¡Salvemos al séptimo arte!


La cultura es uno de los estandartes de la sociedad. El mundo ha planteado incógnitas y ha fascinado al ser humano desde que apareció, despertando la necesidad de expresar lo que sienten a través del arte. La esencia del arte es lo que perdura y hace crecer a las personas en su forma de ser, aportando conocimientos para comprender mejor el mundo en el que viven. Para mi eso es cultura, y la cultura merece ser conocida, tiene que ser protegida y el acceso a ella debe ser fundamental para que las sociedades se estructuren en torno a ella.
Como se puede comprobar en el primer párrafo, me apasiona la cultura y soy un firme defensor de que debe estar a disposición del mayor número de personas posible para no ser una sociedad ignorante. Por ello, he accedido al Anuario de Estadísticas Culturales 2017, realizado por el Ministerio de Educación, Cultura y Deporte, para analizar estadísticamente cual es la situación cultural de España. Me he centrado en el cine porque dentro de las artes es la que mas me hace disfrutar, pero podía haber escogido cualquier otra área cultural, ya que ninguna debe ser tratada con menor respeto. 

El cine vivió una bajada del número de espectadores abismal con la crisis económica de 2008. Poco a poco se va recuperando pero está lejos de alcanzar los espectadores del año 2001, que fueron 140 millones. Este hecho supone una recaudación que también se resiente entre estos años, aunque igual que el número de espectadores está creciendo. El número de películas estrenadas obtuvo récord en lo que va de siglo XXI en el año 2016, con 626. Cabe destacar la diferencia tan grande que existe entre las películas españolas y las extranjeras, en cuanto a estrenos y en cuanto a recaudación. Las películas extranjeras ganan en estrenos y en ingresos a las españolas por mucha diferencia, haciéndonos ver que no se apuesta lo suficiente por el cine español y el espectador prefiere elegir el europeo y norteamericano.

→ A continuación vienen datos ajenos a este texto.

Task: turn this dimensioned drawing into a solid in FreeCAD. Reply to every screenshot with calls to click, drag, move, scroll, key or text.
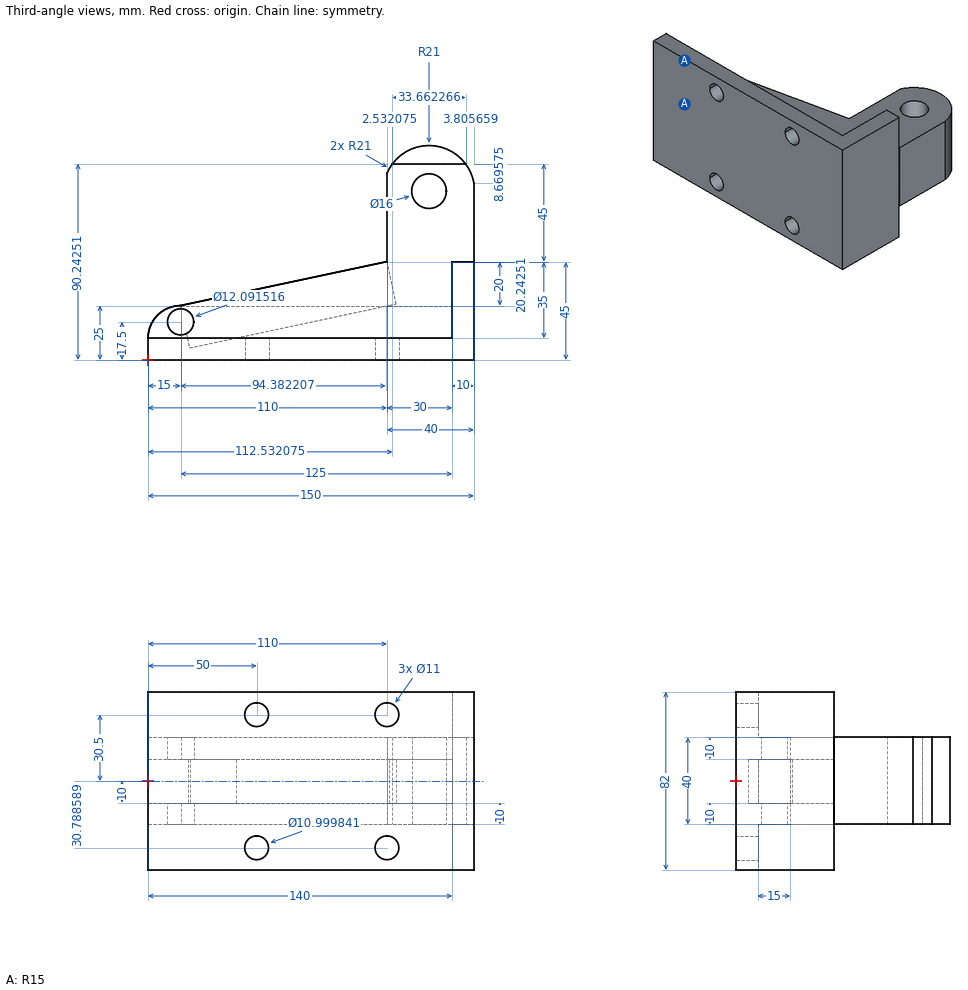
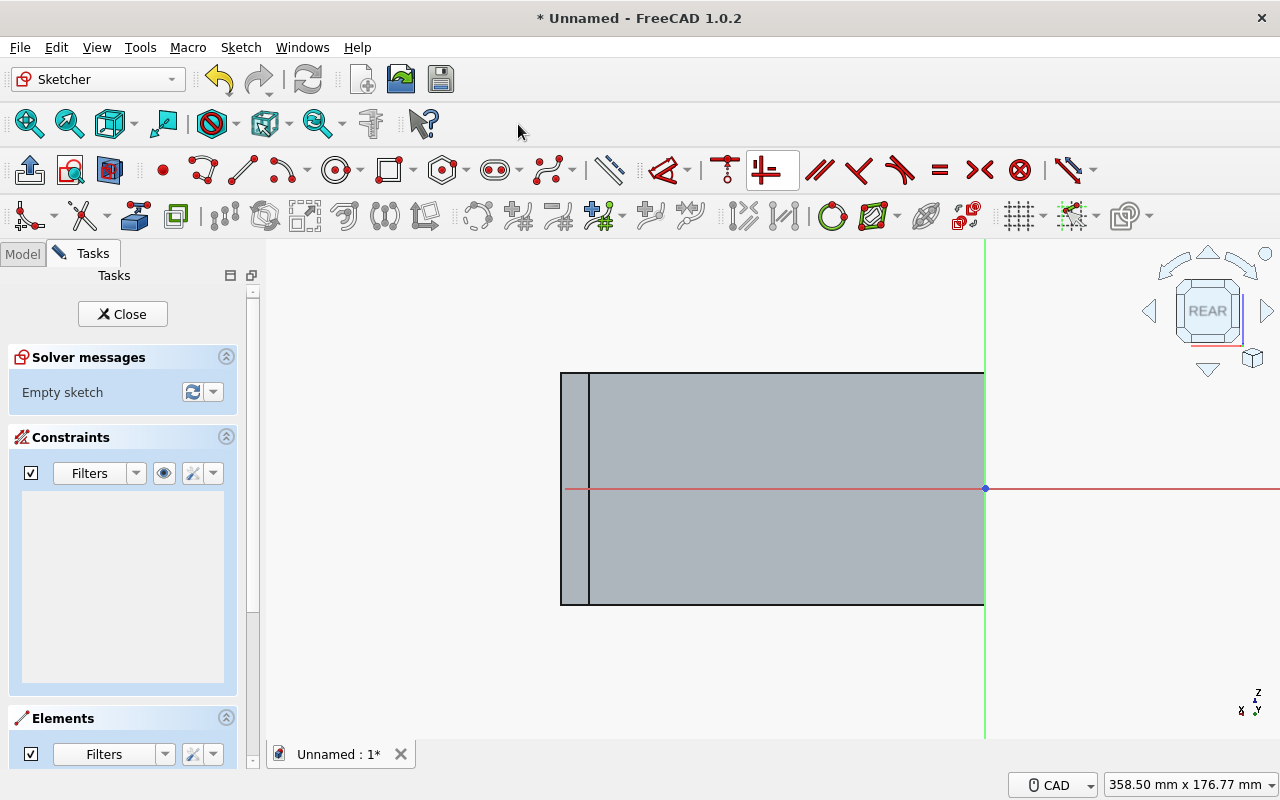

Cataluña, Comunidad de Madrid y Andalucía son las comunidades autónomas donde más cine puede verse, debido al poder económico que tienen. 

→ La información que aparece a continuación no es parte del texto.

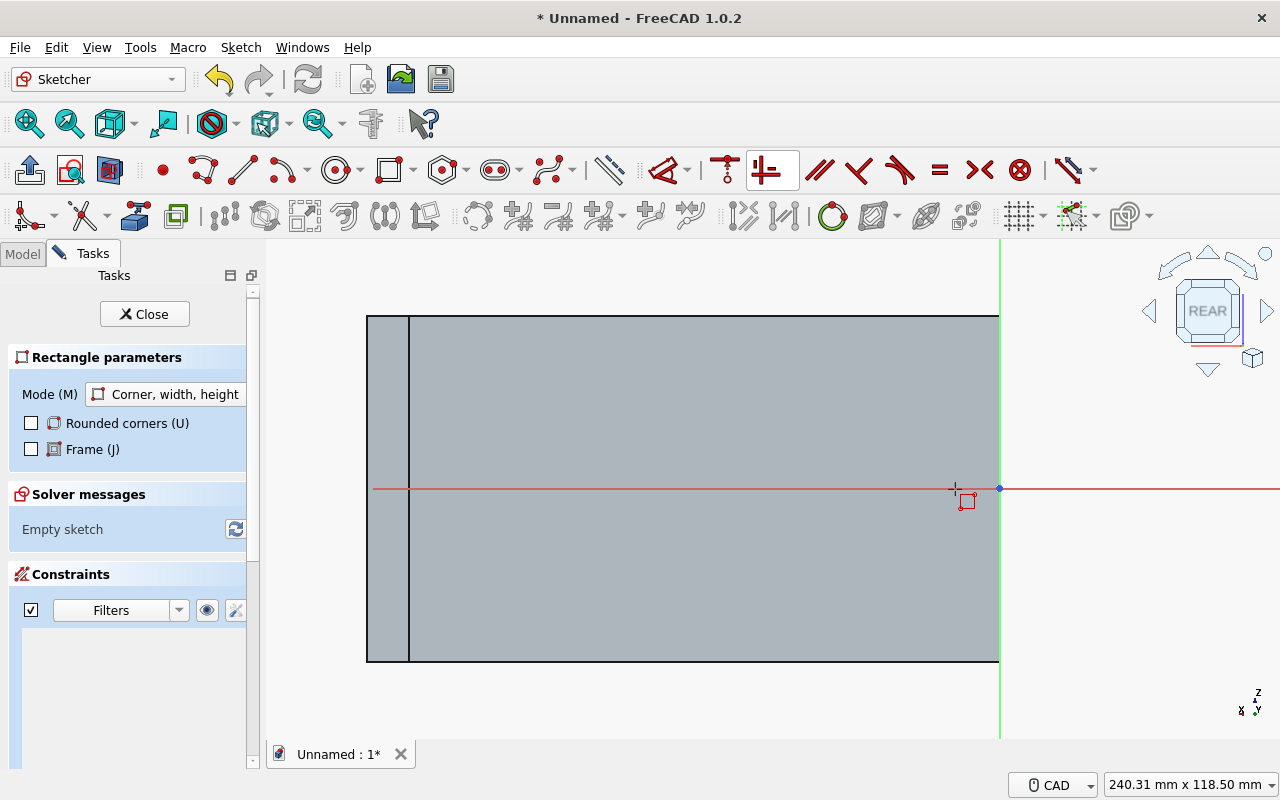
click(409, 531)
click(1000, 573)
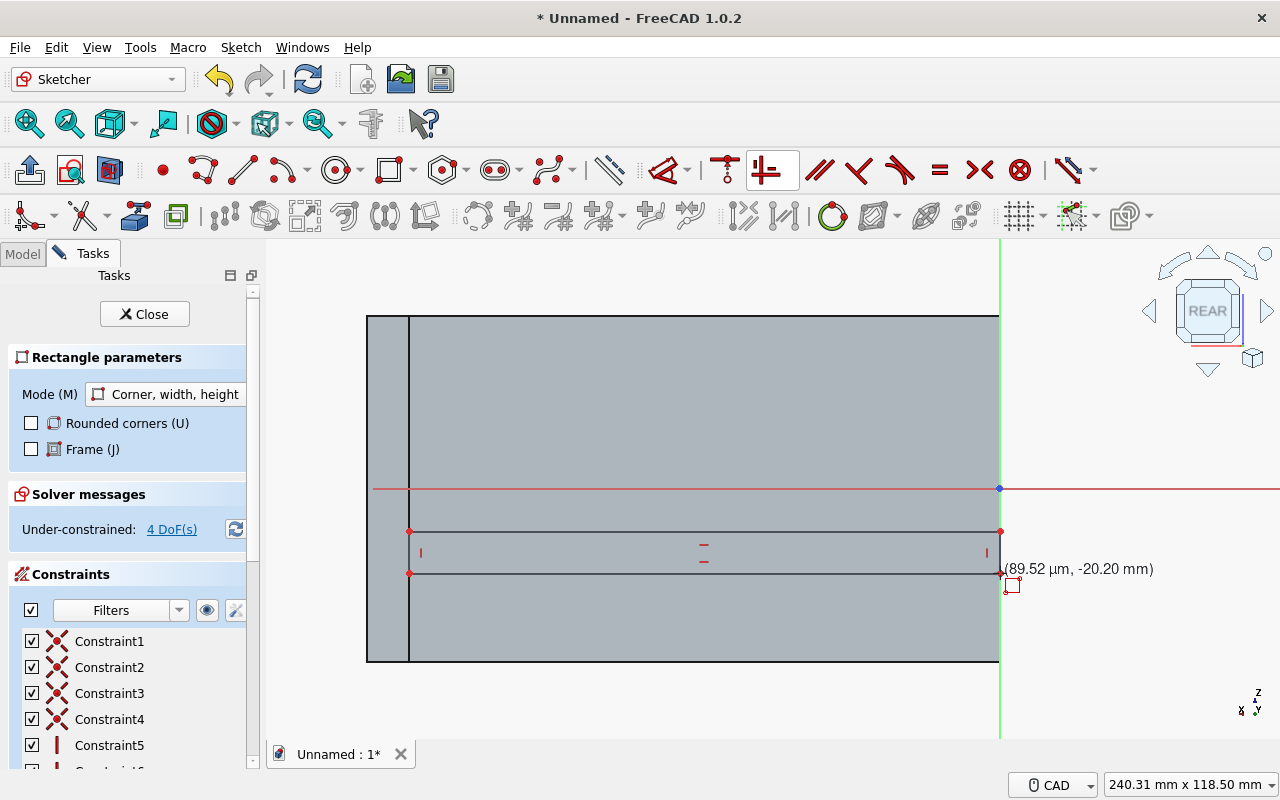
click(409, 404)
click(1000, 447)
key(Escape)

Al ver estos resultados llego a la conclusión de que el cine en España comienza a ver la luz al final del túnel pero está lejos de ser el arte estrella en la sociedad, como sí lo fue antes de la crisis. Hay que apostar por el cine nacional, sin dejar de lado al extranjero, pero intentando equilibrar ambos mediante la producción de cintas en España. La crisis de 2008 supuso una pérdida considerable de dinero en el bolsillo del espectador, que comenzó a dejar de ir a las salas de cine. Estamos ante un desafío crucial para nuestra sociedad, y es devolver el cine al sitio que se merece, sin poner trabas al espectador con el precio de la taquilla y como espectadores debemos aprovechar días especiales con descuentos y ofertas que nos ofrecen varias salas, para así reconducir esta maravilla llamada cine.